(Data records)
++++++++++++++++++++

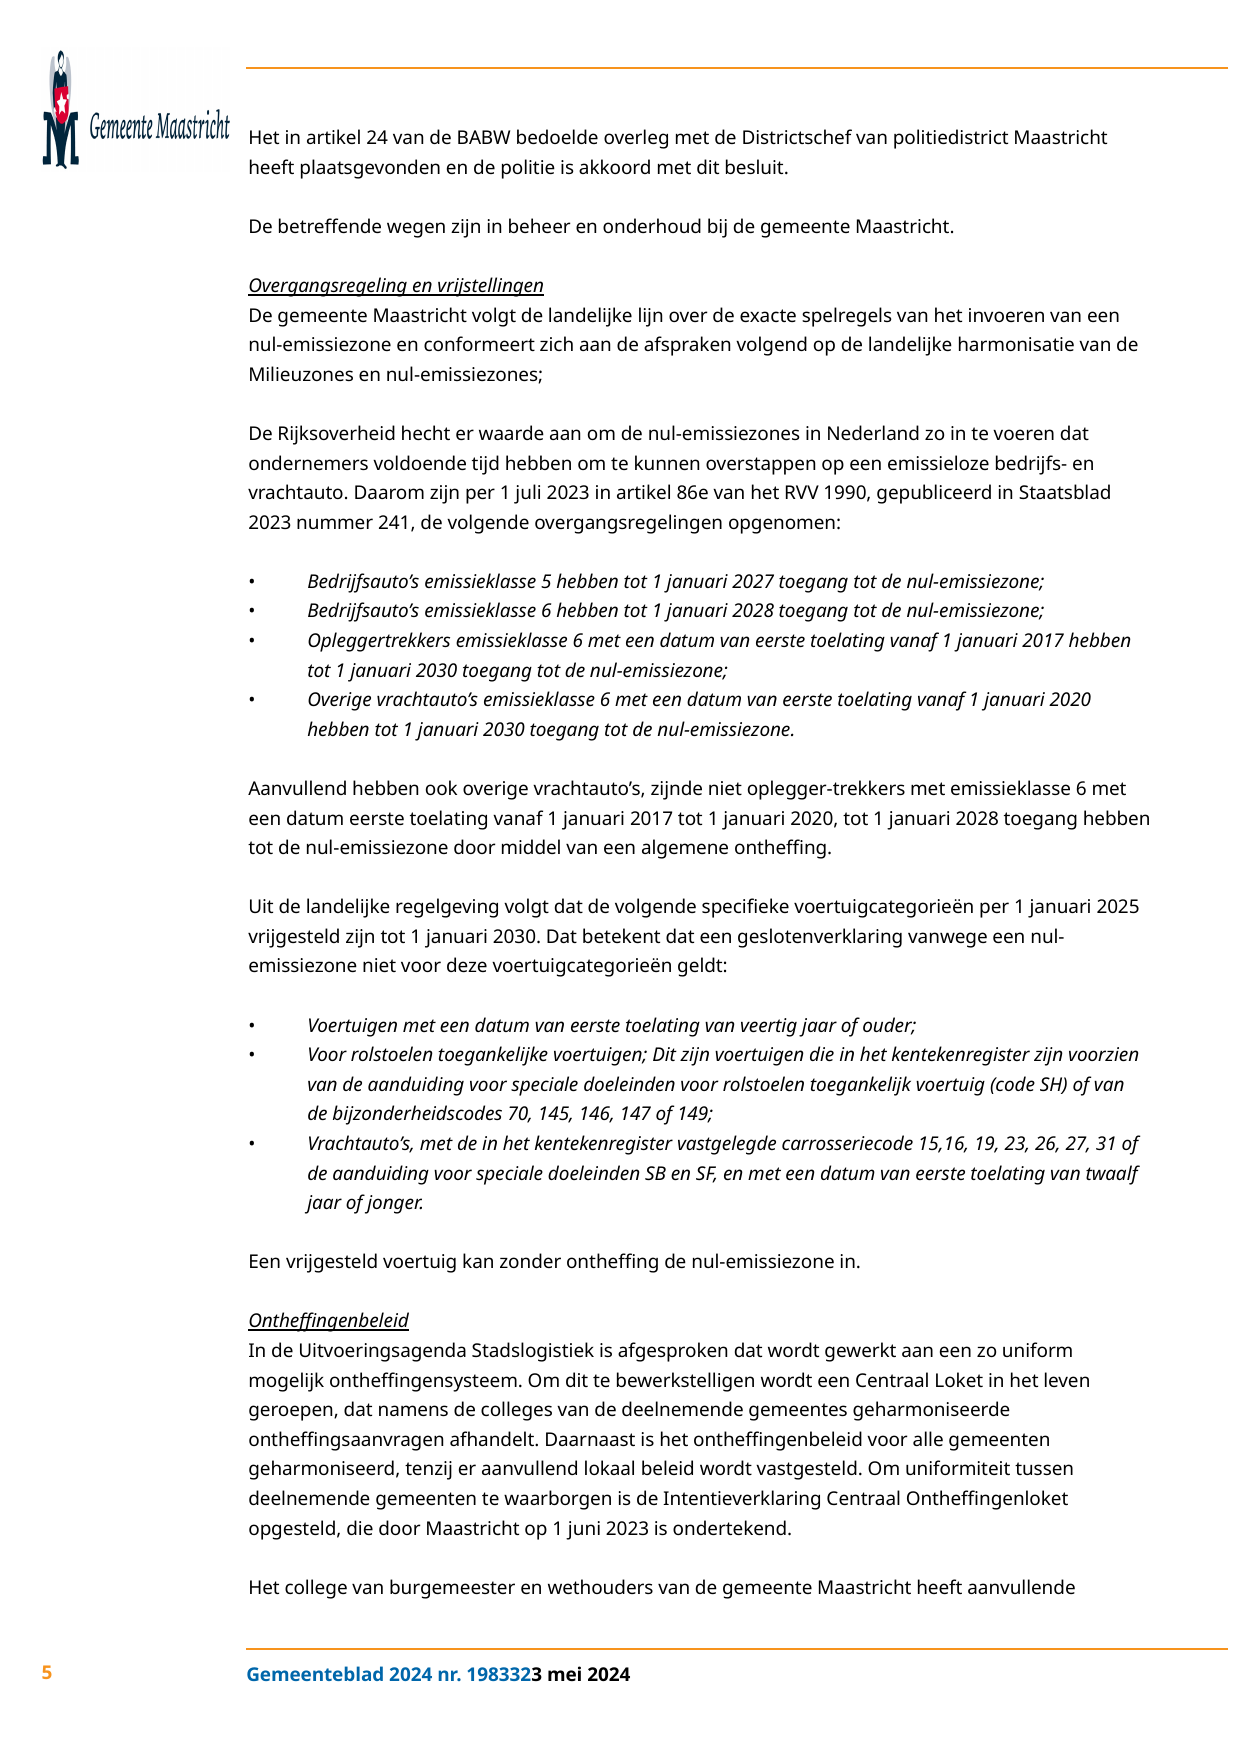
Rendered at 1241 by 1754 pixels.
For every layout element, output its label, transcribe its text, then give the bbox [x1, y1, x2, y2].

text Aanvullend hebben ook overige vrachtauto’s, zijnde niet oplegger-trekkers met emissieklasse 6 met een datum eerste toelating vanaf 1 januari 2017 tot 1 januari 2020, tot 1 januari 2028 toegang hebben tot de nul-emissiezone door middel van een algemene ontheffing. [248, 775, 1152, 860]
text Overgangsregeling en vrijstellingen [248, 272, 1152, 298]
list Voor rolstoelen toegankelijke voertuigen; Dit zijn voertuigen die in het kentekenregister zijn voorzien van de aanduiding voor speciale doeleinden voor rolstoelen toegankelijk voertuig (code SH) of van de bijzonderheidscodes 70, 145, 146, 147 of 149; [248, 1041, 1152, 1126]
text De betreffende wegen zijn in beheer en onderhoud bij de gemeente Maastricht. [248, 213, 1152, 239]
text In de Uitvoeringsagenda Stadslogistiek is afgesproken dat wordt gewerkt aan een zo uniform mogelijk ontheffingensysteem. Om dit te bewerkstelligen wordt een Centraal Loket in het leven geroepen, dat namens de colleges van de deelnemende gemeentes geharmoniseerde ontheffingsaanvragen afhandelt. Daarnaast is het ontheffingenbeleid voor alle gemeenten geharmoniseerd, tenzij er aanvullend lokaal beleid wordt vastgesteld. Om uniformiteit tussen deelnemende gemeenten te waarborgen is de Intentieverklaring Centraal Ontheffingenloket opgesteld, die door Maastricht op 1 juni 2023 is ondertekend. [248, 1337, 1152, 1541]
list Overige vrachtauto’s emissieklasse 6 met een datum van eerste toelating vanaf 1 januari 2020 hebben tot 1 januari 2030 toegang tot de nul-emissiezone. [248, 686, 1152, 742]
text Uit de landelijke regelgeving volgt dat de volgende specifieke voertuigcategorieën per 1 januari 2025 vrijgesteld zijn tot 1 januari 2030. Dat betekent dat een geslotenverklaring vanwege een nul-emissiezone niet voor deze voertuigcategorieën geldt: [248, 893, 1152, 978]
list Opleggertrekkers emissieklasse 6 met een datum van eerste toelating vanaf 1 januari 2017 hebben tot 1 januari 2030 toegang tot de nul-emissiezone; [248, 627, 1152, 683]
list Bedrijfsauto’s emissieklasse 5 hebben tot 1 januari 2027 toegang tot de nul-emissiezone; [248, 568, 1152, 594]
text De Rijksoverheid hecht er waarde aan om de nul-emissiezones in Nederland zo in te voeren dat ondernemers voldoende tijd hebben om te kunnen overstappen op een emissieloze bedrijfs- en vrachtauto. Daarom zijn per 1 juli 2023 in artikel 86e van het RVV 1990, gepubliceerd in Staatsblad 2023 nummer 241, de volgende overgangsregelingen opgenomen: [248, 420, 1152, 535]
list Voertuigen met een datum van eerste toelating van veertig jaar of ouder; [248, 1012, 1152, 1038]
list Bedrijfsauto’s emissieklasse 6 hebben tot 1 januari 2028 toegang tot de nul-emissiezone; [248, 598, 1152, 623]
list Vrachtauto’s, met de in het kentekenregister vastgelegde carrosseriecode 15,16, 19, 23, 26, 27, 31 of de aanduiding voor speciale doeleinden SB en SF, en met een datum van eerste toelating van twaalf jaar of jonger. [248, 1130, 1152, 1215]
text De gemeente Maastricht volgt de landelijke lijn over de exacte spelregels van het invoeren van een nul-emissiezone en conformeert zich aan de afspraken volgend op de landelijke harmonisatie van de Milieuzones en nul-emissiezones; [248, 302, 1152, 387]
picture [41, 47, 231, 172]
text Het in artikel 24 van de BABW bedoelde overleg met de Districtschef van politiedistrict Maastricht heeft plaatsgevonden en de politie is akkoord met dit besluit. [248, 124, 1152, 180]
text Ontheffingenbeleid [248, 1308, 1152, 1333]
text Een vrijgesteld voertuig kan zonder ontheffing de nul-emissiezone in. [248, 1248, 1152, 1274]
text Het college van burgemeester en wethouders van de gemeente Maastricht heeft aanvullende [248, 1574, 1152, 1600]
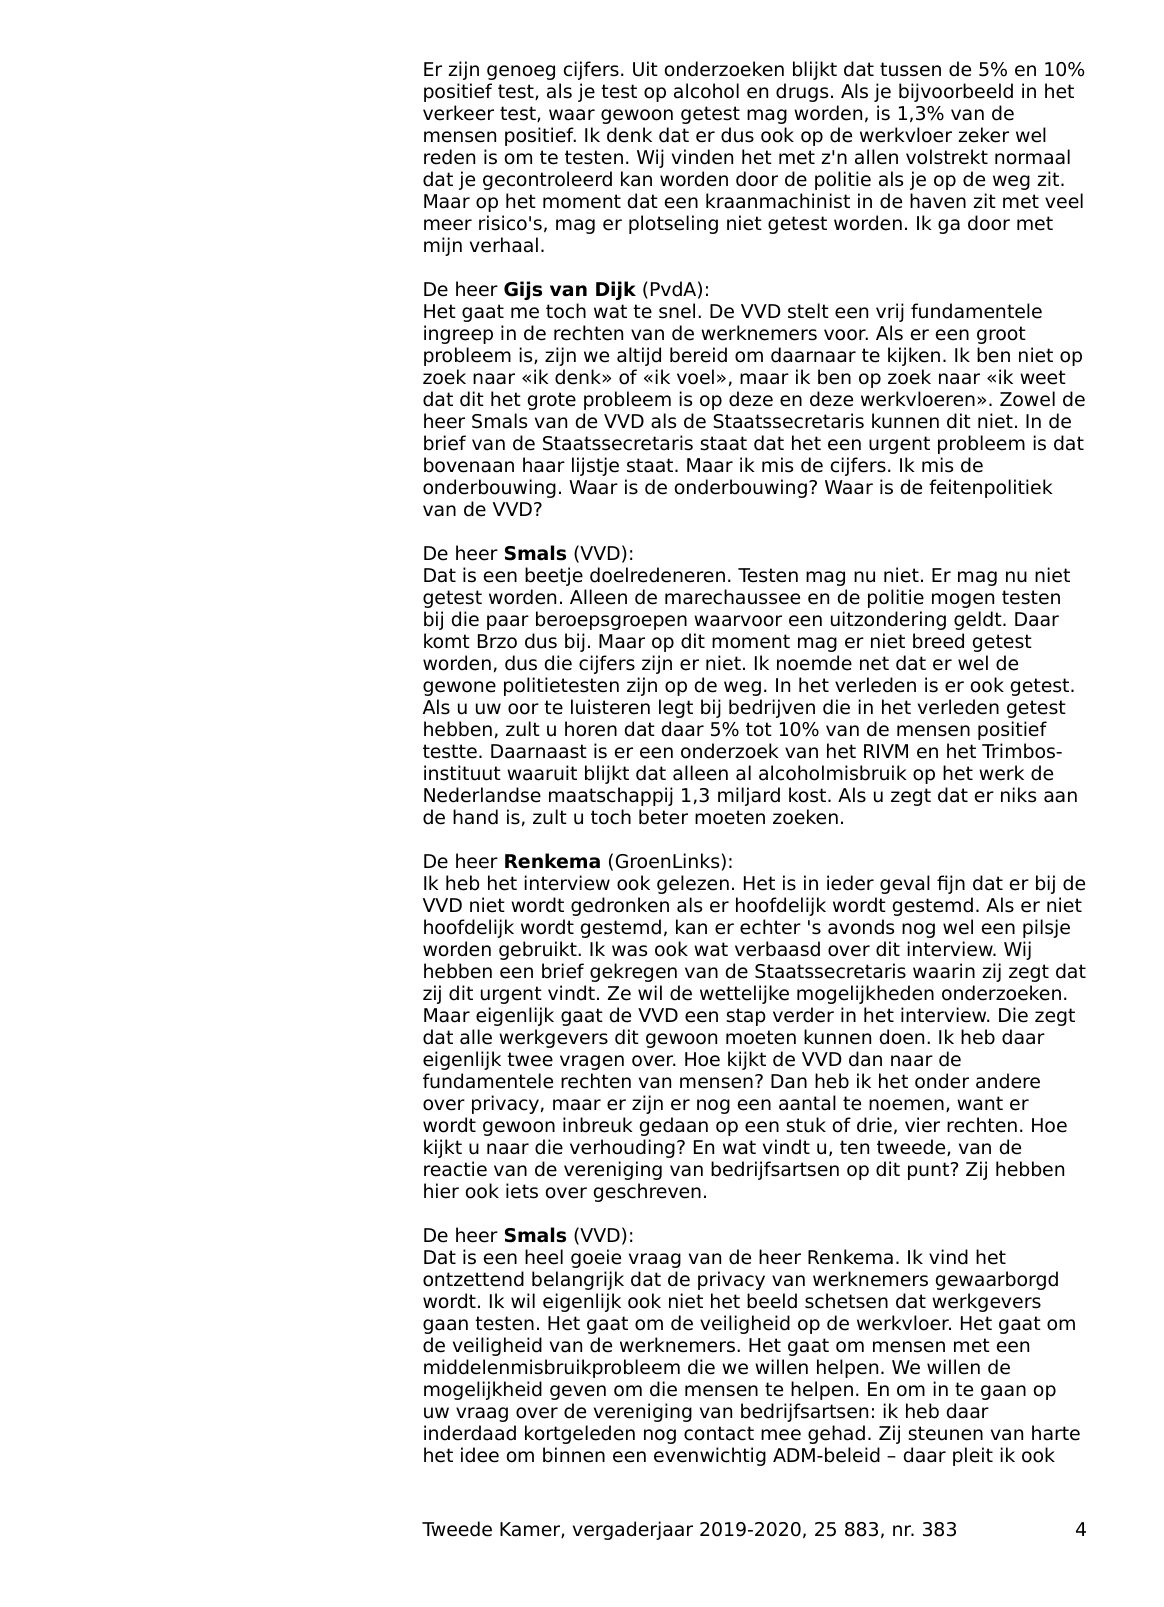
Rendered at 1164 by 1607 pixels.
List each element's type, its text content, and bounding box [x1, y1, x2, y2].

text De heer Gijs van Dijk (PvdA): [422, 279, 1087, 301]
text Dat is een heel goeie vraag van de heer Renkema. Ik vind het ontzettend belangrijk dat de privacy van werknemers gewaarborgd wordt. Ik wil eigenlijk ook niet het beeld schetsen dat werkgevers gaan testen. Het gaat om de veiligheid op de werkvloer. Het gaat om de veiligheid van de werknemers. Het gaat om mensen met een middelenmisbruikprobleem die we willen helpen. We willen de mogelijkheid geven om die mensen te helpen. En om in te gaan op uw vraag over de vereniging van bedrijfsartsen: ik heb daar inderdaad kortgeleden nog contact mee gehad. Zij steunen van harte het idee om binnen een evenwichtig ADM-beleid – daar pleit ik ook [422, 1247, 1087, 1467]
text De heer Smals (VVD): [422, 1225, 1087, 1247]
text Het gaat me toch wat te snel. De VVD stelt een vrij fundamentele ingreep in de rechten van de werknemers voor. Als er een groot probleem is, zijn we altijd bereid om daarnaar te kijken. Ik ben niet op zoek naar «ik denk» of «ik voel», maar ik ben op zoek naar «ik weet dat dit het grote probleem is op deze en deze werkvloeren». Zowel de heer Smals van de VVD als de Staatssecretaris kunnen dit niet. In de brief van de Staatssecretaris staat dat het een urgent probleem is dat bovenaan haar lijstje staat. Maar ik mis de cijfers. Ik mis de onderbouwing. Waar is de onderbouwing? Waar is de feitenpolitiek van de VVD? [422, 301, 1087, 521]
text De heer Renkema (GroenLinks): [422, 851, 1087, 873]
text Er zijn genoeg cijfers. Uit onderzoeken blijkt dat tussen de 5% en 10% positief test, als je test op alcohol en drugs. Als je bijvoorbeeld in het verkeer test, waar gewoon getest mag worden, is 1,3% van de mensen positief. Ik denk dat er dus ook op de werkvloer zeker wel reden is om te testen. Wij vinden het met z'n allen volstrekt normaal dat je gecontroleerd kan worden door de politie als je op de weg zit. Maar op het moment dat een kraanmachinist in de haven zit met veel meer risico's, mag er plotseling niet getest worden. Ik ga door met mijn verhaal. [422, 59, 1087, 257]
text Dat is een beetje doelredeneren. Testen mag nu niet. Er mag nu niet getest worden. Alleen de marechaussee en de politie mogen testen bij die paar beroepsgroepen waarvoor een uitzondering geldt. Daar komt Brzo dus bij. Maar op dit moment mag er niet breed getest worden, dus die cijfers zijn er niet. Ik noemde net dat er wel de gewone politietesten zijn op de weg. In het verleden is er ook getest. Als u uw oor te luisteren legt bij bedrijven die in het verleden getest hebben, zult u horen dat daar 5% tot 10% van de mensen positief testte. Daarnaast is er een onderzoek van het RIVM en het Trimbos-instituut waaruit blijkt dat alleen al alcoholmisbruik op het werk de Nederlandse maatschappij 1,3 miljard kost. Als u zegt dat er niks aan de hand is, zult u toch beter moeten zoeken. [422, 565, 1087, 829]
text De heer Smals (VVD): [422, 543, 1087, 565]
text Ik heb het interview ook gelezen. Het is in ieder geval fijn dat er bij de VVD niet wordt gedronken als er hoofdelijk wordt gestemd. Als er niet hoofdelijk wordt gestemd, kan er echter 's avonds nog wel een pilsje worden gebruikt. Ik was ook wat verbaasd over dit interview. Wij hebben een brief gekregen van de Staatssecretaris waarin zij zegt dat zij dit urgent vindt. Ze wil de wettelijke mogelijkheden onderzoeken. Maar eigenlijk gaat de VVD een stap verder in het interview. Die zegt dat alle werkgevers dit gewoon moeten kunnen doen. Ik heb daar eigenlijk twee vragen over. Hoe kijkt de VVD dan naar de fundamentele rechten van mensen? Dan heb ik het onder andere over privacy, maar er zijn er nog een aantal te noemen, want er wordt gewoon inbreuk gedaan op een stuk of drie, vier rechten. Hoe kijkt u naar die verhouding? En wat vindt u, ten tweede, van de reactie van de vereniging van bedrijfsartsen op dit punt? Zij hebben hier ook iets over geschreven. [422, 873, 1087, 1203]

++++++++++++++++++++

§ **TASK DESCRIPTION**: Write out exactly the lines above from the line with "text De Rijksoverheid" through the line with "list Bedrijfsauto’s emissieklasse 6", both of them included, and leave out all other lines.

§ **TASK RESPONSE**:
text De Rijksoverheid hecht er waarde aan om de nul-emissiezones in Nederland zo in te voeren dat ondernemers voldoende tijd hebben om te kunnen overstappen op een emissieloze bedrijfs- en vrachtauto. Daarom zijn per 1 juli 2023 in artikel 86e van het RVV 1990, gepubliceerd in Staatsblad 2023 nummer 241, de volgende overgangsregelingen opgenomen: [248, 420, 1152, 535]
list Voertuigen met een datum van eerste toelating van veertig jaar of ouder; [248, 1012, 1152, 1038]
list Bedrijfsauto’s emissieklasse 6 hebben tot 1 januari 2028 toegang tot de nul-emissiezone; [248, 598, 1152, 623]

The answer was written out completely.